Outlaws made deadly mark in Southlake
Bonnie Parker and Clyde Barrow are two of the most notorious outlaws of the 20th century—their violent exploits cut a wide path through the central United States, including this area.
Stories and playful photos of the gun-toting gangster and his cigar-smoking moll have romanticized the pair as young lovers entrapped in a life of crime to survive, hiding out from the law.
"There was nothing romantic about them," said Anita Robeson, president of the Southlake Historical Society. "They were cold-blooded killers."
The murders of nine law enforcement officers and at least three others were attributed to the Barrow Gang between 1932 and 1934. Those killings included the deaths of state highway patrolmen E.B. Wheeler and H.D. Murphy, who were gunned down along Hwy. 114 in an area that is now Southlake.
The shootings of the two patrolmen on Easter Sunday, April 1, 1934, was not the pair's first time in the area. There are no reports that they ever robbed a local bank as part of about 200 robberies they committed in their criminal rampage through 20 states, according to Grapevine Historical Society accounts. Other Barrow gang members reportedly robbed a Grapevine bank.
But Bonnie and Clyde may have been extremely familiar here.
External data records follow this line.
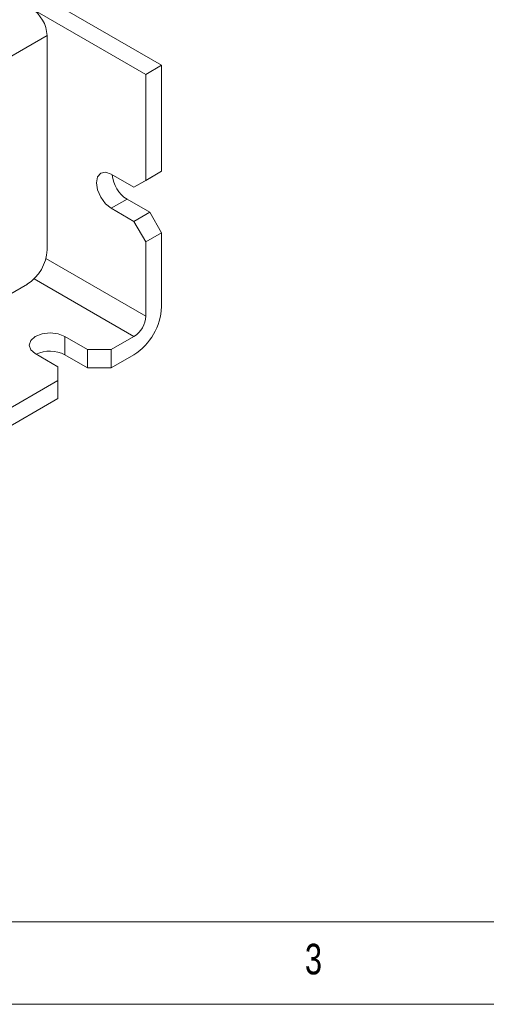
# Model space of a CAD drawing. Header units: inches. Extents: x 0.2 to 16.3, y 0.2 to 11.5.
# Tile 11 of 22: x 4.6 to 5.7, y 0.2 to 2.5. Entities that reach past the tile are written whole.
import ezdxf

# ---------------------------------------------------------------- set-up
doc = ezdxf.new("R2010")
doc.units = ezdxf.units.IN
doc.header["$MEASUREMENT"] = 0
doc.styles.add('SLDTEXTSTYLE0', font='TXT', dxfattribs={"width": 0.75})

msp = doc.modelspace()

# ---------------------------------------------------------------- linework, layer by layer
at = {"color": 7, "linetype": 'Continuous', "lineweight": 15}
for p, q in [((4.9397, 2.4393), (2.5827, 3.8)), ((4.902, 2.4175), (2.545, 3.7782)), ((4.6663, 2.5106), (2.8203, 1.4449)), ((4.6663, 1.9983), (4.6663, 2.5106)), ((4.9397, 2.4393), (4.902, 2.4175)), ((4.9397, 2.1862), (4.9397, 2.4393)), ((4.902, 2.1644), (4.902, 2.4175)), ((4.8195, 2.1794), (4.8737, 2.1481)), ((4.9114, 2.1698), (4.8737, 2.1481)), ((4.8737, 2.1481), (4.902, 2.1644)), ((4.902, 2.1644), (4.9397, 2.1862)), ((4.9114, 2.1698), (4.9397, 2.1862)), ((4.8195, 2.0977), (4.8572, 2.1195)), ((4.9114, 2.0882), (4.8572, 2.1195)), ((4.8737, 2.0664), (4.8195, 2.0977)), ((4.8737, 2.0664), (4.9114, 2.0882)), ((4.9397, 2.0392), (4.9114, 2.0882)), ((4.902, 2.0174), (4.8737, 2.0664)), ((4.9397, 2.0392), (4.902, 2.0174)), ((4.9397, 1.8623), (4.9397, 2.0392)), ((4.902, 1.8405), (4.902, 2.0174)), ((4.902, 1.8405), (4.6635, 1.9782)), ((4.8737, 1.7915), (4.6352, 1.9292)), ((4.5119, 1.8548), (4.6192, 1.9167)), ((4.7087, 1.7915), (4.7629, 1.7602)), ((4.7087, 1.7915), (4.7087, 1.748)), ((4.8195, 1.7602), (4.8737, 1.7915)), ((4.6922, 1.7194), (4.638, 1.7507)), ((4.7087, 1.748), (4.7629, 1.7167)), ((4.7629, 1.7602), (4.8195, 1.7602)), ((4.7629, 1.7602), (4.7629, 1.7167)), ((4.8195, 1.7167), (4.8195, 1.7602)), ((4.8195, 1.7167), (4.8737, 1.748)), ((4.6922, 1.6867), (4.6922, 1.7194)), ((4.7629, 1.7167), (4.8195, 1.7167)), ((3.2874, 0.8758), (4.6922, 1.6867)), ((4.6922, 1.6867), (4.6922, 1.6432)), ((3.2874, 0.8322), (4.6922, 1.6432))]:
    msp.add_line(p, q, dxfattribs=at)
at = {"color": 7, "linetype": 'Continuous', "lineweight": 0}
for p, q in [((0.3937, 0.3937), (8.9685, 0.3937)), ((0.1969, 0.1969), (16.3386, 0.1969))]:
    msp.add_line(p, q, dxfattribs=at)
at = {"color": 7, "linetype": 'Continuous', "lineweight": 15, "flags": 128}
for points in [[(4.8195, 2.0977), (4.806, 2.1086), (4.7945, 2.1241), (4.7868, 2.1418), (4.7841, 2.1589), (4.7868, 2.173), (4.7945, 2.1818), (4.806, 2.1841), (4.8195, 2.1794)], [(4.638, 1.7507), (4.6272, 1.76), (4.6234, 1.7711), (4.6272, 1.7821), (4.638, 1.7915), (4.6542, 1.7978), (4.6734, 1.8), (4.6925, 1.7978), (4.7087, 1.7915)]]:
    msp.add_lwpolyline(points, dxfattribs=at)
at = {"color": 7, "linetype": 'Continuous', "lineweight": 15}
for centre, radius, start, end in [((4.5854, 2.5069), 0.0809, 2.6055, 57.3946), ((4.8991, 2.1846), 0.0775, 184.9407, 237.2612), ((4.5639, 2.003), 0.1025, 302.6055, 357.3945), ((4.7964, 1.8688), 0.1434, 302.6055, 357.3945), ((4.8406, 1.8433), 0.0615, 302.6055, 357.3945), ((4.6732, 1.6791), 0.0775, 62.7437, 115.0433)]:
    msp.add_arc(centre, radius, start, end, dxfattribs=at)

# ---------------------------------------------------------------- texts
at = {"color": 7, "linetype": 'Continuous', "lineweight": 0, "insert": (5.2822, 0.3413), "char_height": 0.0729, "attachment_point": 1, "style": 'SLDTEXTSTYLE0'}
msp.add_mtext('3', dxfattribs=at)

doc.saveas('drawing.dxf')

Raised in impoverished West Dallas, Clyde and his family lived for a while near Hwy. 114 and Kimball Avenue, Robeson said.
"He possibly attended the 1919 Carroll School when he was a boy," she said.
Bonnie had close ties to the area and the pair may have been visiting on the day of the patrolmen's shooting, according to historical accounts.
Longtime Southlake landowner Zena Rucker said Bonnie's mother was best friends with a woman named Ma Williams, who lived in an old farmhouse that later became part of the Rucker holdings.
Bonnie and Clyde, along with their gang, were known to hide out in an area north of Denton Creek in Denton County, according to historical accounts.
"This was during Prohibition and there were lots of stills out there," Rucker said.
Jack Cook, who died in October at age 96, had a brush with the pair just after the patrolmen's shooting. A lifelong resident of the Dove Road area in Southlake, Cook and another farmer who witnessed the shootings of Wheeler and Murphy described the shooters as Bonnie and Clyde and said they were alone. Gang member Henry Methvin later said he had also participated, according to the Southlake Historical Society.
Cook, who was a teenager in 1934, recounted to the Southlake Historical Society that Bonnie and Clyde fled to an area home after the shootings, where the homeowners "put the children in the cellar" and made the outlaws a sandwich before they fled.
The shooting occurred when Murphy and Wheeler, along with Trooper Polk Ivy, were patrolling the area west of Grapevine.
They stopped near an open field off Hwy. 114 for target practice.
Afterward, Ivy drove west toward Roanoke. Murphy and Wheeler—a rookie on his second day—turned north onto Dove Road to assist a stopped car, according to the Southlake Historical Society account.
When he realized Wheeler and Murphy were not behind him, Ivy retraced the route and found the troopers lying dead in Dove Road, their pistols still holstered.
Another Grapevine resident had died in gunfire involving Clyde a year earlier.
Malcolm Davis was working as a Tarrant County sheriff's deputy when he joined other Tarrant County officers trying to arrest the outlaw in Dallas in connection with a Grapevine robbery that had been attributed to Barrow gang members.
Davis was shot and killed in the skirmish, according to a Grapevine Historical Society account, and is buried in Grapevine Cemetery.
After the patrolmen were shot, Bonnie and Clyde were closely tracked by a posse of lawmen. They were ambushed and killed on May 23, 1934, near Arcadia, La.
Bonnie, 23, and Clyde, 25, are both buried in Dallas.
A six-foot memorial marker to Wheeler and Murphy was dedicated in 1996.
The memorial is near the intersection of State Highway 114 and Dove Road, where they were shot to death.